Washington State Fires Football Coach for Refusing State-Mandated COVID-19 Vaccination

Athletics continues to reel from decisions to vax or not to vax; it is the burning question.

On Monday, Oct. 18, Washington State University Cougars fired football coach Nick Rolovich and four of his assistants. They reportedly refused to comply with a mandate that all state employees become vaccinated against COVID-19.

Walked Away From The Bag

Surprisingly, Rolovich was the highest-paid state employee, with an annual salary of more than $3 million. His contract runs through 2025. However, his departure “for cause” separation forfeits any payments per the terms of his agreement.

The loss is devastating as it comes in the middle of their season.

“The noncompliance with this requirement renders [Rolovich] ineligible to be employed at Washington State University and therefore can no longer fulfill the duties as a head coach of our football program effective immediately,” Washington State athletic director Pat Chun said during a Monday night news conference.

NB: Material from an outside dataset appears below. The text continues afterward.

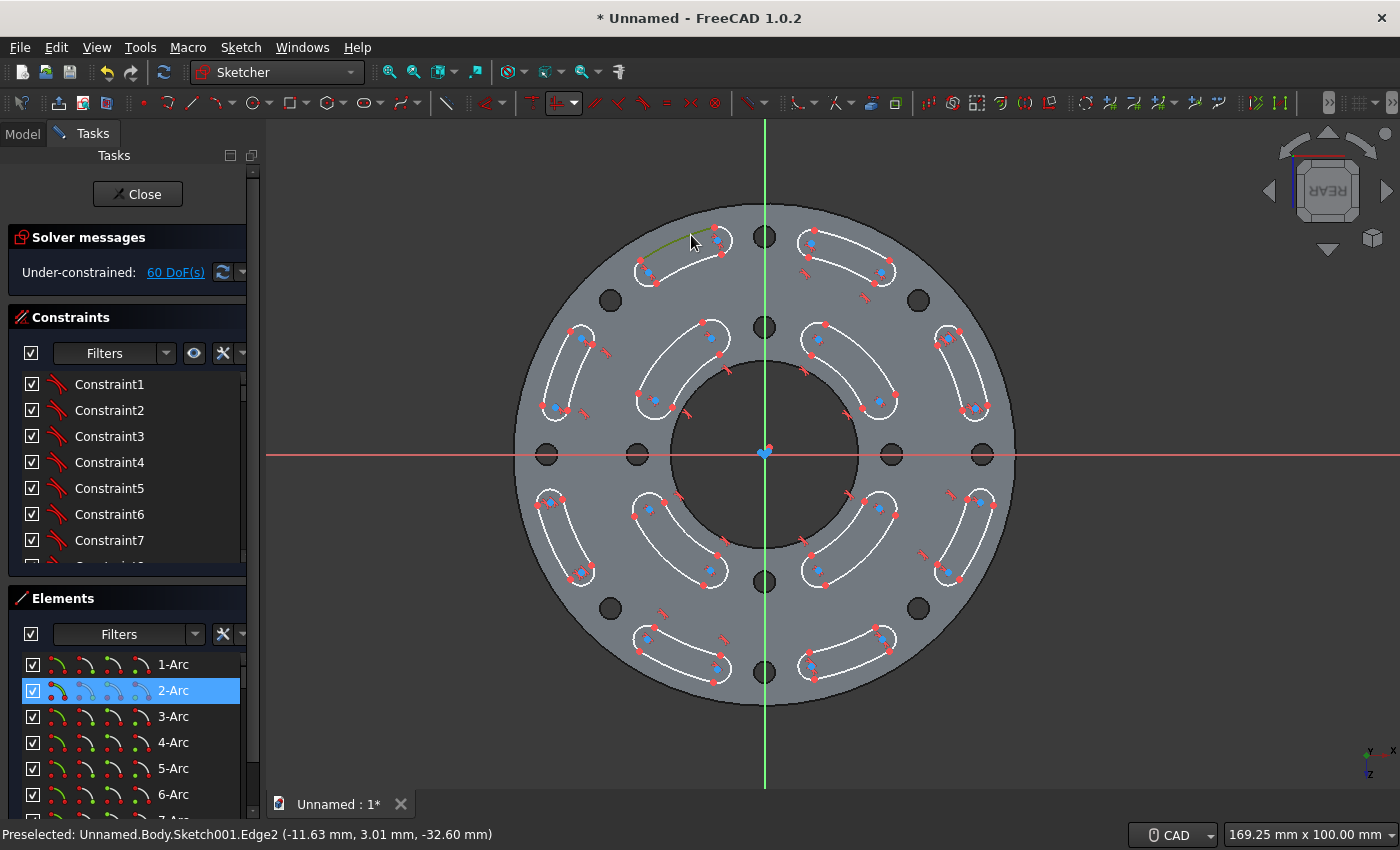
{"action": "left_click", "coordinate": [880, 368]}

“It is disheartening to be here today. Our football team is hurting. Our WSU community is fractured. Today will have a lasting impact on the young men on our team and the remaining coaches and staff.”

“Who’s Coming With Me?” -Jerry Maguire

Washington Gov. Jay Inslee set a vaccination deadline of Monday for state employees. This included the Cougars’ coaches, who are state employees.

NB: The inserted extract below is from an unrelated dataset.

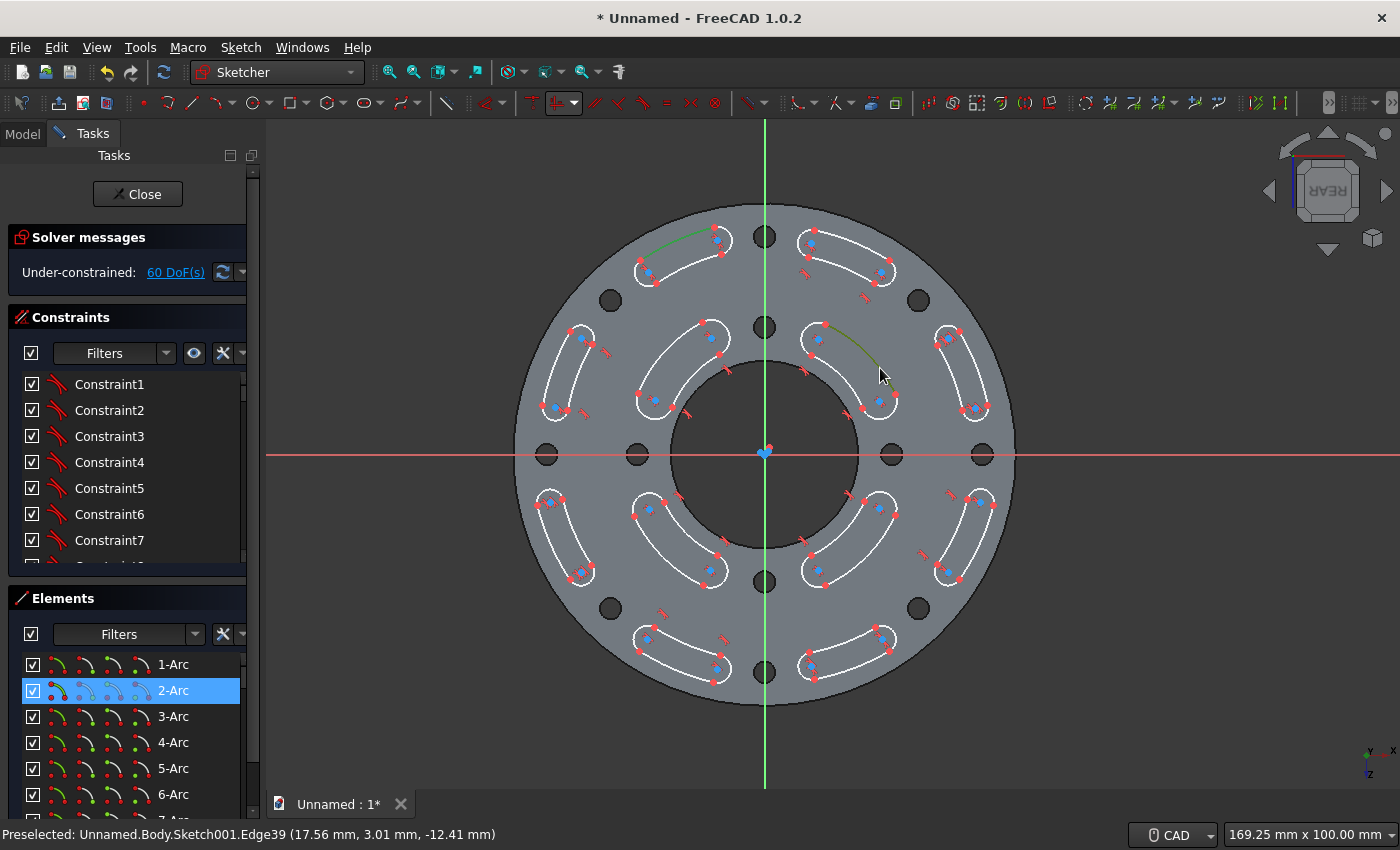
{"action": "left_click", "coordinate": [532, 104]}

In addition, four assistant coaches: John Richardson, Ricky Logo, Craig Stutzmann and Mark Weber, were fired after noncompliance with Washington State’s August proclamation.

According to Washington State’s president Kirk Schulz, nearly 90 percent of WSU employees and 97 percent of students are vaccinated.

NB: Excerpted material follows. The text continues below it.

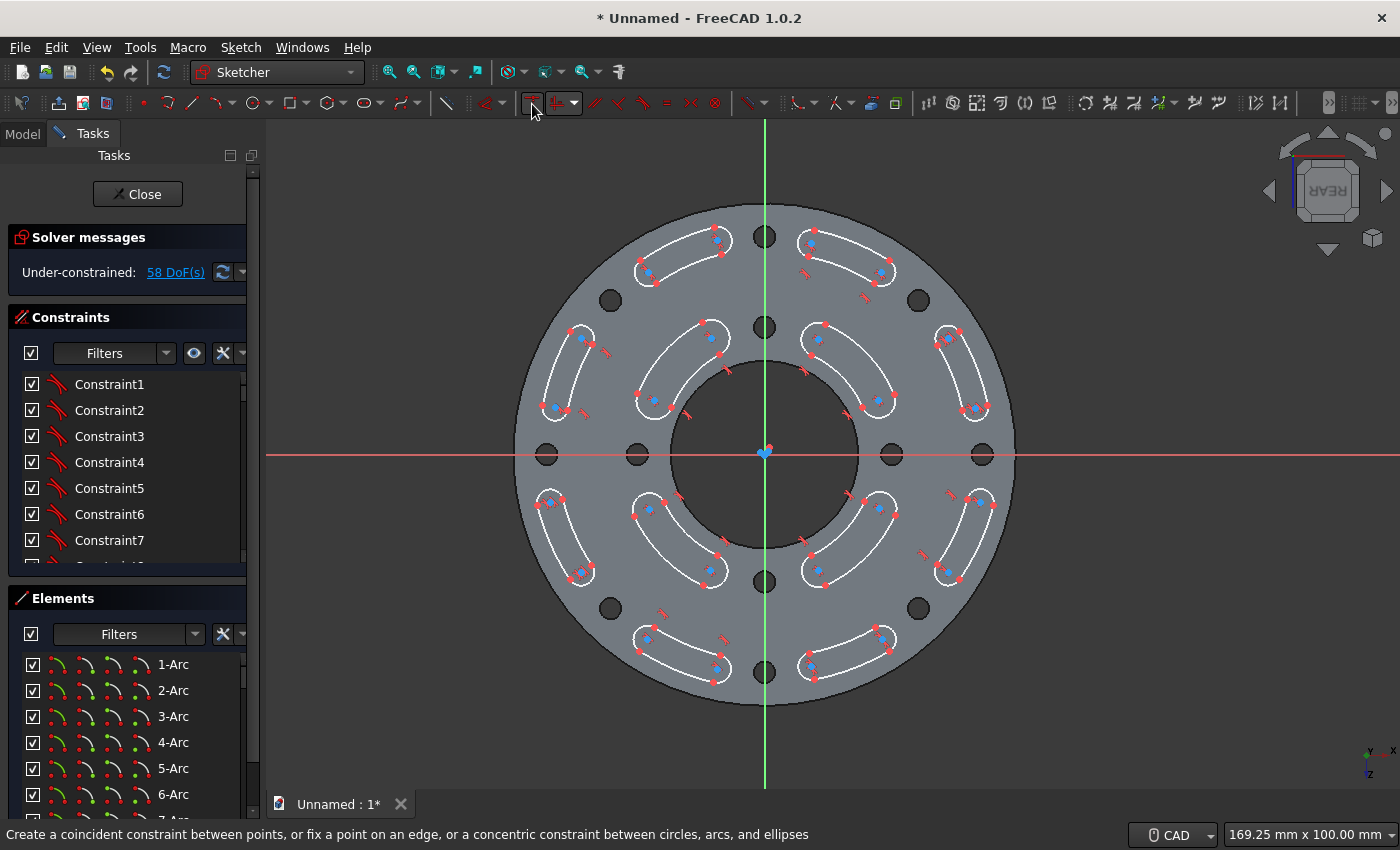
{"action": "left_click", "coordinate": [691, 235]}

Currently, former defensive coordinator Jake Dickert has been named interim head coach. He is in his second season as Washington State’s defensive coordinator and previously served three seasons at Wyoming. This will be his first stint as a head coach with his first game Saturday at home against Brigham Young University.


Rolovich, 42, said he wouldn’t get vaccinated but never provided an apparent reason why. In July, he said that he would not get vaccinated. As a result, he couldn’t attend Pac-12 media day in person. Rolovich was the only unvaccinated head coach in the Pac-12 and had to wear a mask during games.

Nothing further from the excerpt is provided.